Cleaner Microservice Orchestration With Zeebe+Lambda

Updated: Aug 12, 2020

Brian McCann, Software Engineer


In this post I’ll talk about Zeebe. Zeebe is a source available workflow engine that helps you define, orchestrate, and monitor business processes across microservices. I’ll show you how to quickly get a full application that leverages Zeebe and Lambda running on AWS. I’m piggybacking off a post by the company’s co-founder in which he showed how you can use Zeebe with Lambda. You may want to start with that one first for a general overview of Zeebe and how it fits in with Serverless, then if you’re interested in quickly getting all the components running on AWS this post will show you how.

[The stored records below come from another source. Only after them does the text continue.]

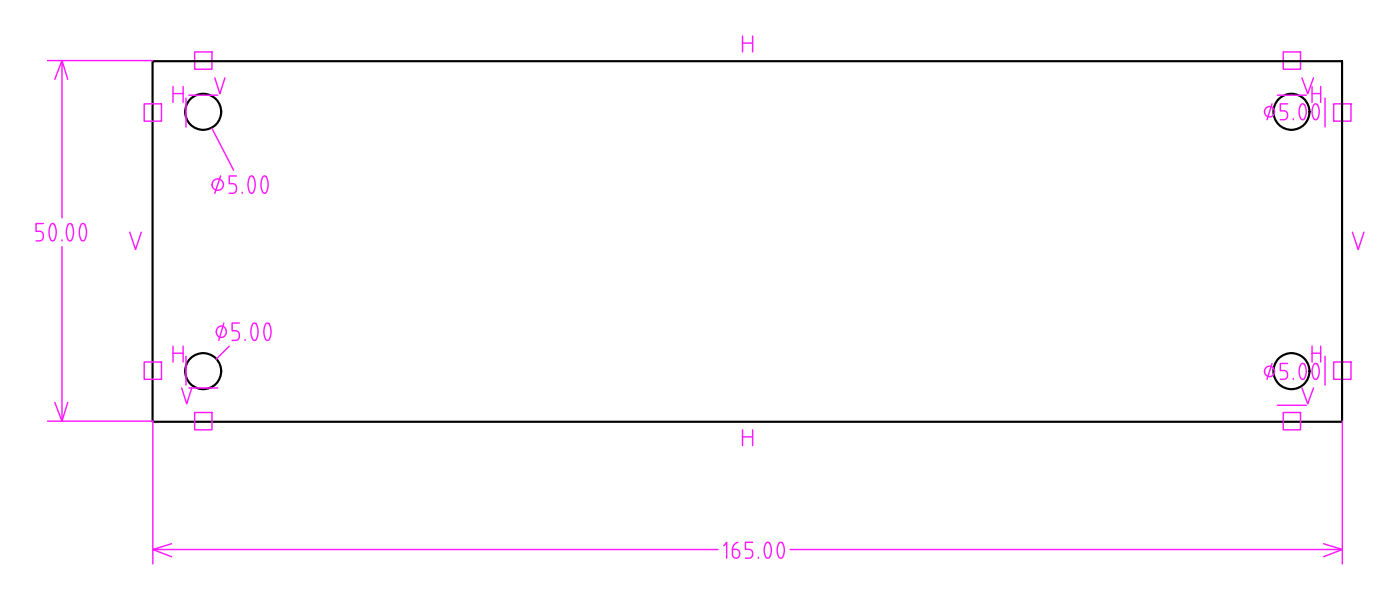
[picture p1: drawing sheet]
<svg xmlns="http://www.w3.org/2000/svg" width="194mm" height="83mm" viewBox="0 0 194 83" stroke-linecap="round" stroke-linejoin="round" font-family="sans-serif">
<g fill="none" stroke="#ff19ff" stroke-width=".2">
<path d="M6.6 8.4h14.6M8.6 8.4l-1 2.6M9.4 11l-.8-2.6v21.8M20 14.4h2.4v2.4h-2.4zM24 12v2.2M24 13h1.4M25.4 12v2.2M25.8 13.6v4M26.2 13.2h4M27 7.2h2.4v2.4h-2.4zM29.4 17.8l3 5.8M29.8 10.8l.7 2.2 .7-2.2"/>
<path d="M103 5v2.2M103 6h1.4M104.4 5v2.2M176.4 14.4l-.6 2.2M177.2 13.2h4M178 7.2h2.4v2.4h-2.4zM178.6 14.4h-1v1h.5a.62 .62 0 0 1 .5 .6 .62 .62 0 0 1-.5 .6h-.5M179.4 16.5v.1M180.5 14.5l.3-.1a1.61 1.61 0 0 1 0 2.2h-.2a1.7 1.7 0 0 1-.1-2.1zM180.6 10.8l.8 2.2 .8-2.2M182 13h1.2M182 12v2.2"/>
<path d="M182.3 14.5l.3-.1a1.61 1.61 0 0 1 0 2.2h-.2a1.7 1.7 0 0 1-.1-2.1zM183.2 12v2.2M183.8 13.6v4M185 14.4h2.4v2.4h-2.4zM6 31h-1v1.1h.5a.7 .7 0 0 1 .5 .6 .7 .7 0 0 1-.4 .7h-.6M7.1 31.1l.3-.1a1.92 1.92 0 0 1 .2 2.3 .3 .3 0 0 1-.6 0 2.32 2.32 0 0 1 .1-2.2zM8.6 33.3v.1M8.6 34.2v24.2M9.5 31.1l.3-.1a1.92 1.92 0 0 1 .2 2.3 .3 .3 0 0 1-.6 0 2.32 2.32 0 0 1 .1-2.2zM11.3 31.1l.3-.1a1.92 1.92 0 0 1 .1 2.3 .3 .3 0 0 1-.4 0 2.32 2.32 0 0 1 0-2.2zM18 32.2l.8 2.4 .8-2.4M30.6 24.4l-.8 2.4"/>
<path d="M32.8 24.4h-1v1.1h.5a.7 .7 0 0 1 .5 .6 .7 .7 0 0 1-.4 .7h-.6M33.6 26.7v.1M34.7 24.5l.3-.1a1.92 1.92 0 0 1 .2 2.3 .3 .3 0 0 1-.6 0 2.32 2.32 0 0 1 .1-2.2zM36.5 24.5l.3-.1a1.92 1.92 0 0 1 .1 2.3 .3 .3 0 0 1-.4 0 2.32 2.32 0 0 1 0-2.2zM187.6 32.2l.8 2.4 .8-2.4M6.6 58.4h14.6v19.8M7.6 55.8l1 2.6M9.4 55.8l-.8 2.6M20 50.2h2.4v2.4h-2.4zM24 48v2.2M24 49h1.4M25.2 53.8l.7 2.2 .7-2.2"/>
<path d="M25.4 48v2.2M25.8 49.4v4M26.2 53.8h4M27 57.2h2.4v2.4h-2.4zM30.2 45.4a.77 .77 0 0 1 1.2 .2 .77 .77 0 0 1-.4 1.1 .77 .77 0 0 1-.9-.3 .77 .77 0 0 1 .1-1zM31.1 44.8l-.8 2.4M31.8 48l-1.8 1.8M33.2 44.8h-1v1.1h.5a.7 .7 0 0 1 .5 .6 .7 .7 0 0 1-.4 .7h-.6M34 47.1v.1M35.1 44.9l.3-.1a1.92 1.92 0 0 1 .2 2.3 .3 .3 0 0 1-.6 0 2.32 2.32 0 0 1 .1-2.2zM36.9 44.9l.3-.1a1.92 1.92 0 0 1 .1 2.3 .3 .3 0 0 1-.4 0 2.32 2.32 0 0 1 0-2.2zM103 59.6v2.2"/>
<path d="M104.4 59.6v2.2M176.4 50.4l-.6 2.2M177.2 56.2h4M178 57.2h2.4v2.4h-2.4zM178.6 50.4h-1v1h.5a.62 .62 0 0 1 .5 .6 .62 .62 0 0 1-.5 .6h-.5M179.4 52.5v.1M180.5 50.5l.3-.1a1.61 1.61 0 0 1 0 2.2h-.2a1.7 1.7 0 0 1-.1-2.1zM180.6 53.8l.8 2.2 .8-2.2M182 49h1.2M182 48v2.2M182.3 50.5l.3-.1a1.61 1.61 0 0 1 0 2.2h-.2a1.7 1.7 0 0 1-.1-2.1zM183.2 48v2.2"/>
<path d="M183.8 49.4v4M185 50.2h2.4v2.4h-2.4zM186.2 58.4v19.8M21.2 76.2l2.6 1M23.8 75.4l-2.6 .8h78.4M100.4 75.7l.4-.5v2.2M101.6 76.2h.5a.6 .6 0 0 1 .5 .7 .6 .6 0 0 1-.7 .5l-.3-.3zM102.4 75.2a1.03 1.03 0 0 0-.8 1M103 60.6h1.4M104.4 75.2h-1v1h.5a.62 .62 0 0 1 .5 .6 .62 .62 0 0 1-.5 .6h-.5M105.2 77.3v.1M106.3 75.3l.3-.1a1.61 1.61 0 0 1 0 2.2h-.2a1.7 1.7 0 0 1-.1-2.1z"/>
<path d="M108.1 75.3l.3-.1a1.61 1.61 0 0 1 0 2.2h-.2a1.7 1.7 0 0 1-.1-2.1zM109.6 76.2h76.6M183.6 75.4l2.6 .8M186.2 76.2l-2.6 1"/>
<circle cx="176.1" cy="15.5" r=".71"/>
<circle cx="30.2" cy="25.6" r=".8"/>
<circle cx="176.1" cy="51.5" r=".71"/>
</g>
<g fill="none" stroke="#000" stroke-width=".3">
<path d="M21.2 8.5h165v50h-165z"/>
<circle cx="28.2" cy="15.5" r="2.5"/>
<circle cx="179.1" cy="15.5" r="2.5"/>
<circle cx="28.2" cy="51.5" r="2.5"/>
<circle cx="179.1" cy="51.5" r="2.5"/>
</g>
</svg>

If you embrace AWS Lambda or are considering adopting it you may see Lambda as an alternative to Kubernetes and prefer the simplicity, reliability, and out of the box scaling that the Serverless way offers. I was motivated to write this for that type of developer. For Zeebe to work we need something running all the time so we can’t be fully “serverless”. My concession is to use ECS to bridge the gap. ECS is a simpler and cheaper alternative to Kubernetes when you’re getting started with containers. If you are a serverless first developer you or your organization might not want to take on the overhead of running and learning k8s if almost all your workloads work fine on Lambda anyway. Zeebe is a super powerful tool that allows you to compose your Lambda functions to build arbitrarily complex stateful applications. Today I’ll show how to get up and running quick with Zeebe and Lambda using ECS.



This is what we’ll make


Use Case?


In case you don’t know about Zeebe I’ll try to describe what it does by describing a use case. A little while ago I was working on a backend that would allow customers to put a down payment on a vehicle then go pick it up at a dealership. The whole process wasn’t too complicated but did involve 5–6 discrete steps involving external API calls. Any of those steps had a number of potential failure paths and based on the outcome of each step you would want to take a different action. On top of that there are different types of errors. There are errors due to conditions in the physical world like a customer putting their address in wrong and there are technical errors like network outages or a bug in the code. You can imagine how the number of scenarios grows exponentially each time you add a step. General purpose programming languages on their own are great at a lot of things, Orchestrating a complicated sequence of steps is not one of them. Using event driven architecture can help us manage emerging complexity by separating business logic into individual microservices whose isolated behavior is simpler to reason about. What we lose is end to end visibility of the business process, so that debugging is a challenge and refactors are scary. This is where a tool like Zeebe, or its predecessor Camunda can help. These tools let us represent our processes as diagrams that are executable. Here is an example:



One of the main advantages is that our business logic is now organized into manageable and isolated components. In addition, and in my opinion most importantly, this strategy separates the concern of Orchestration from everything else. This allows us to write functional style microservice components that are easy to read and refactor. All of our orchestration is managed by a dependable and tested framework, and the orchestration logic is cleanly separated as opposed to peppered throughout our microservices (as tends to happen). The boxes with gears are “service tasks” which means they represent pieces of code external to Zeebe that execute. The process engine (Zeebe) is responsible for executing the instructions and will invoke the code we’ve written where specified. In today’s example the service tasks (little boxes with gears ) will be implemented as Lambda functions. There are a lot of other powerful features exposed by BPMN (business process modeling notation), the ones pictured above are just a few.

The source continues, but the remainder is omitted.